I know a lot of single women out there have experienced this same issue and it has made them bitter, cynical, and even less trusting than they were before, and justifiably so.
Trying to find the person you are meant to spend your life with is a tall order, and for me, I believe it is a vocation, so to encounter people who can treat that process so disrespectfully is just mind blowing.
This has made me realize that the focus should not be on dating and meeting a lot of people to figure out what you want, instead, singleness should be a time for aligning yourself with what God wants, and you want, and then letting your path naturally find its way to someone who wants the same things.
Instead, we have a lot of hurt, confused, and in some cases, jerky people running around making more of a mess than already existed.
I don’t know at what point our society decided that integrity no longer mattered, or loyalty, but something has to give.
It breaks my heart even more when I look at the way middle schoolers approach relationships.
Granted, I by no means endorse kids this age dating, but I understand it.
We are all seeking love and validation, and for kids from broken homes (just like I was), we will do anything to find those things.
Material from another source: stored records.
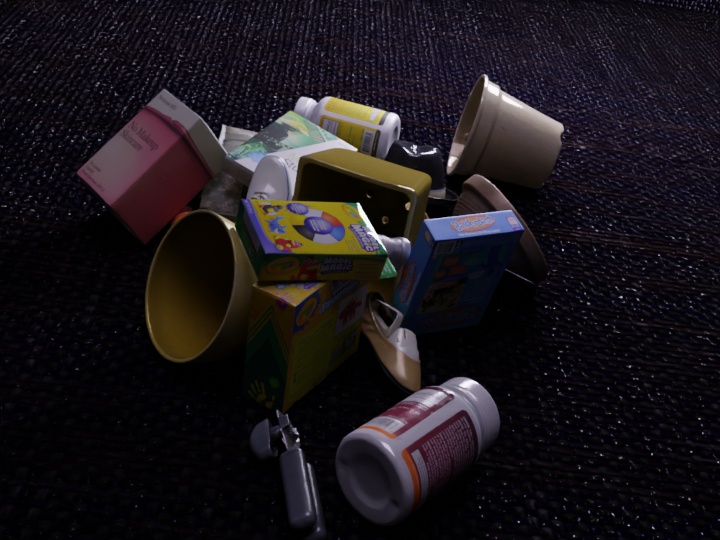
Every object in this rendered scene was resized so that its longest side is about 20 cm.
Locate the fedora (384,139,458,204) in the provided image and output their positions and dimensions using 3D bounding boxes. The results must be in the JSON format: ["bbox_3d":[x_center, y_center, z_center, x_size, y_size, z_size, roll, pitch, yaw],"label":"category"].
[{"bbox_3d":[0.095,-0.180,1.920,0.196,0.093,0.201,10,13,-2],"label":"fedora"}]

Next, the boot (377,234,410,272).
[{"bbox_3d":[0.000,0.000,1.571,0.094,0.200,0.075,5,72,-24],"label":"boot"}]

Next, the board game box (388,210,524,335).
[{"bbox_3d":[0.133,0.007,1.545,0.149,0.202,0.045,-7,48,-28],"label":"board game box"}]

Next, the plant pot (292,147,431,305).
[{"bbox_3d":[0.013,-0.087,1.696,0.192,0.198,0.200,18,24,15],"label":"plant pot"}]

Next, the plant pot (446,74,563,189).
[{"bbox_3d":[0.284,-0.248,2.069,0.180,0.203,0.201,20,29,-5],"label":"plant pot"}]

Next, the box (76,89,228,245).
[{"bbox_3d":[-0.327,-0.165,1.704,0.200,0.109,0.127,-46,49,-9],"label":"box"}]

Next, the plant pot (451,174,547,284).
[{"bbox_3d":[0.205,-0.044,1.719,0.092,0.202,0.201,-36,42,-5],"label":"plant pot"}]

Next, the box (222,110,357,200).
[{"bbox_3d":[-0.112,-0.180,1.747,0.143,0.037,0.200,30,39,13],"label":"box"}]

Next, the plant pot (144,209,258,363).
[{"bbox_3d":[-0.178,0.034,1.453,0.141,0.202,0.200,16,18,-44],"label":"plant pot"}]

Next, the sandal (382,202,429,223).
[{"bbox_3d":[0.098,-0.084,1.824,0.210,0.071,0.077,32,36,34],"label":"sandal"}]

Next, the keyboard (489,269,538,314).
[{"bbox_3d":[0.175,-0.002,1.649,0.197,0.105,0.040,27,57,7],"label":"keyboard"}]

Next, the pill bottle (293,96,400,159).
[{"bbox_3d":[-0.030,-0.267,2.058,0.196,0.114,0.113,17,30,11],"label":"pill bottle"}]

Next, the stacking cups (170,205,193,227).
[{"bbox_3d":[-0.268,-0.042,1.661,0.059,0.062,0.201,-2,30,-20],"label":"stacking cups"}]

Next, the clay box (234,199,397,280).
[{"bbox_3d":[-0.052,-0.040,1.380,0.196,0.048,0.116,-1,39,-27],"label":"clay box"}]

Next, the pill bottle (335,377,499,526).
[{"bbox_3d":[0.073,0.207,1.273,0.113,0.116,0.198,29,35,31],"label":"pill bottle"}]

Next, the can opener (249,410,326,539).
[{"bbox_3d":[-0.088,0.242,1.249,0.066,0.054,0.201,-25,33,5],"label":"can opener"}]

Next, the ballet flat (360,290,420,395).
[{"bbox_3d":[0.042,0.092,1.498,0.068,0.063,0.200,28,15,-37],"label":"ballet flat"}]

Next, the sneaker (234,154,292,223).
[{"bbox_3d":[-0.151,-0.081,1.618,0.072,0.204,0.071,8,-9,14],"label":"sneaker"}]

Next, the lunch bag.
[{"bbox_3d":[-0.178,-0.142,1.802,0.161,0.119,0.202,11,37,-5],"label":"lunch bag"}]

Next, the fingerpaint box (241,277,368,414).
[{"bbox_3d":[-0.070,0.065,1.423,0.072,0.170,0.200,22,33,22],"label":"fingerpaint box"}]

The problem with this cycle though is a middle school relationship isn’t meant to last, simply because it is not rooted in the things that matter. I’m finding after observing how people are treating each other out there in the dating world, that this concept isn’t just impacting the kids, it is transcending all of society.
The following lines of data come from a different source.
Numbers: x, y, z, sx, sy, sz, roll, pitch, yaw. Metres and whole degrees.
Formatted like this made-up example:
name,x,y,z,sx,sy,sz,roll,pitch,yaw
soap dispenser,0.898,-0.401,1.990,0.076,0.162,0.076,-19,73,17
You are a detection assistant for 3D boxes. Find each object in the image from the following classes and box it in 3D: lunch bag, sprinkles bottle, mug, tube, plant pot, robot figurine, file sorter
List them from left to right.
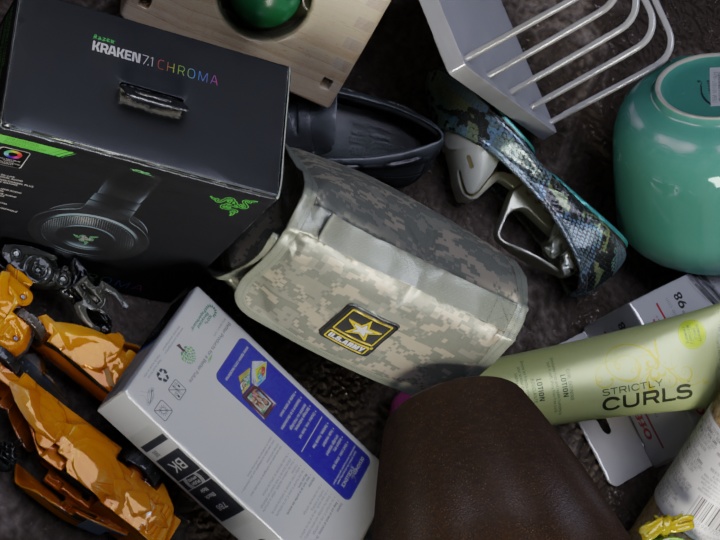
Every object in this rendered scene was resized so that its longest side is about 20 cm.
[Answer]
name,x,y,z,sx,sy,sz,roll,pitch,yaw
robot figurine,-0.180,0.080,1.150,0.200,0.058,0.146,40,57,-9
lunch bag,0.000,0.000,1.181,0.163,0.200,0.119,26,87,-16
plant pot,0.080,0.171,1.110,0.185,0.187,0.202,2,54,-26
file sorter,0.123,-0.201,1.314,0.200,0.124,0.140,20,45,-64
tube,0.177,0.071,1.294,0.198,0.058,0.052,-9,40,-4
mug,0.250,-0.095,1.378,0.151,0.115,0.185,-32,44,-25
sprinkles bottle,0.252,0.129,1.272,0.068,0.201,0.068,23,24,-11

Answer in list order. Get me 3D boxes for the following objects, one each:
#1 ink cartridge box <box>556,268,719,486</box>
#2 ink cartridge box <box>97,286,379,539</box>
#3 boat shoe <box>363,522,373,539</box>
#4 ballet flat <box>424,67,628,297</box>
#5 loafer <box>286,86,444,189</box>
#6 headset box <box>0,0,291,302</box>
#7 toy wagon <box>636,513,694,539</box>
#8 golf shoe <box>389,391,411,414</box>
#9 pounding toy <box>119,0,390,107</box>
name,x,y,z,sx,sy,sz,roll,pitch,yaw
ink cartridge box,0.246,0.064,1.370,0.199,0.067,0.117,-24,83,-33
ink cartridge box,-0.060,0.113,1.152,0.200,0.039,0.100,44,47,-11
boat shoe,-0.004,0.221,1.172,0.062,0.075,0.200,50,47,-5
ballet flat,0.107,-0.059,1.352,0.200,0.074,0.074,43,57,-2
loafer,-0.037,-0.103,1.288,0.199,0.070,0.069,10,67,-23
headset box,-0.154,-0.072,1.139,0.172,0.200,0.094,14,64,-22
toy wagon,0.219,0.260,1.254,0.153,0.040,0.202,-11,91,-10
golf shoe,0.081,0.166,1.247,0.075,0.092,0.200,-23,59,-33
pounding toy,-0.090,-0.194,1.249,0.183,0.143,0.201,22,31,-18

People have become expendable.
The term ghosting entered our vocabulary.
Morals are out the window.
Trust only seems relevant every other Tuesday (if that).
We have generations of people who feel like they will never be enough.
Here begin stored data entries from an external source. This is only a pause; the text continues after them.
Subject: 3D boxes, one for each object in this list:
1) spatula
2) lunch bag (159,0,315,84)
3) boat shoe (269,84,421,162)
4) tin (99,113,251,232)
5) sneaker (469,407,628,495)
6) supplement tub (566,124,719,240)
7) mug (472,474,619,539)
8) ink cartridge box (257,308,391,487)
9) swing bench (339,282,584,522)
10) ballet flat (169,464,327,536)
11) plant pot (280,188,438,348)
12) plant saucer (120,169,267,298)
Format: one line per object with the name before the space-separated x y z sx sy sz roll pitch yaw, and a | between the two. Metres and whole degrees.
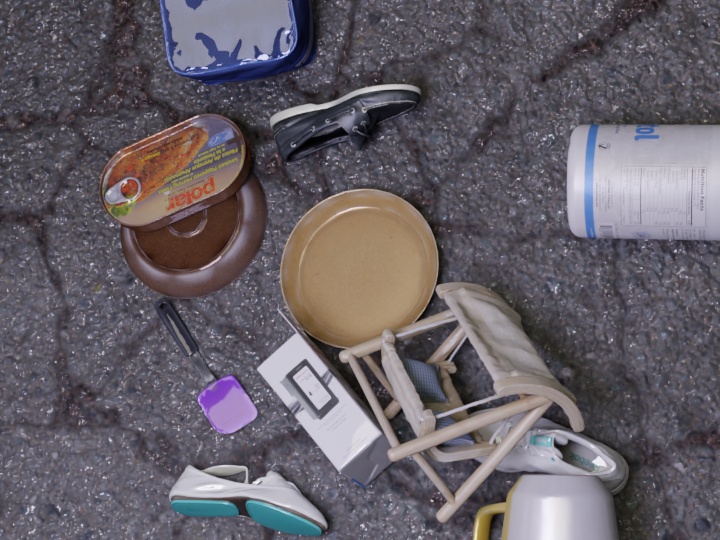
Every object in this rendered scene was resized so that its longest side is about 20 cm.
spatula | -0.199 0.113 1.849 0.056 0.021 0.201 -32 65 -10
lunch bag | -0.159 -0.310 1.914 0.198 0.132 0.138 -6 88 12
boat shoe | -0.016 -0.178 1.865 0.197 0.075 0.067 -11 73 11
tin | -0.231 -0.120 1.890 0.198 0.042 0.113 -22 65 7
sneaker | 0.202 0.194 1.686 0.198 0.089 0.076 13 78 18
supplement tub | 0.340 -0.101 1.719 0.198 0.132 0.133 1 73 14
mug | 0.196 0.296 1.612 0.185 0.149 0.155 -1 83 18
ink cartridge box | -0.046 0.148 1.749 0.068 0.116 0.200 -40 67 0
swing bench | 0.111 0.128 1.667 0.199 0.130 0.199 -35 37 3
ballet flat | -0.129 0.262 1.769 0.198 0.069 0.070 6 75 17
plant pot | 0.000 0.000 1.831 0.198 0.027 0.202 -4 73 13
plant saucer | -0.217 -0.066 1.906 0.198 0.032 0.202 -5 71 14

Dating has become an actual, emotional battlefield, rather than being a way to just meet your person. Instead of people finding like-minded people, they are adding new types of trauma to their existing baggage, and left even more romantically depleted. And all for what? Nearly half of all first marriages still end in divorce, and I would know, I’m part of that statistic.
I have struggled with the bitterness and cynicism myself, but honestly, I just keep circling back to the realization that if God wants me to serve him in the vocation of marriage, he will lead me to that person.
No dating apps.
No kind-of-engaged dudes.
No questions.
The right person is already out there. I don’t have to date dozens of men to find him. In fact, that may actually steer me further away from him.
Most people think that dating is a must in the equation for finding true love, but is it?
I believe if you have this equation:
Healing + Prayer + Trust = The Me That’s Actually Ready
So instead of sitting on Bumble and swiping through profiles, I:
- Pray
- Meal Prep
- Eat that Protein
- Hike
- Kayak
- Clean
- Read
- Create
- Write
- Breathe
I don’t need to date. I need to prepare.
God’s got my person out there, now I just need to be ready.
And for all of you out there who are dating, do what you think is best, but be careful with who you give your time and energy to. The last thing anyone needs is to come out of a bad relationship just to jump straight back into one with a different version of the same chaos.
Respect how far you have come and do not settle for what broke you in the first place.
And to all the men and women out there flirting with people when you aren’t single, seriously, stay the heck away from the rest of us out here trying to heal and operate at a higher vibration.
We do not need your nonsense anywhere near us.
Thank you for attending my TED Talk.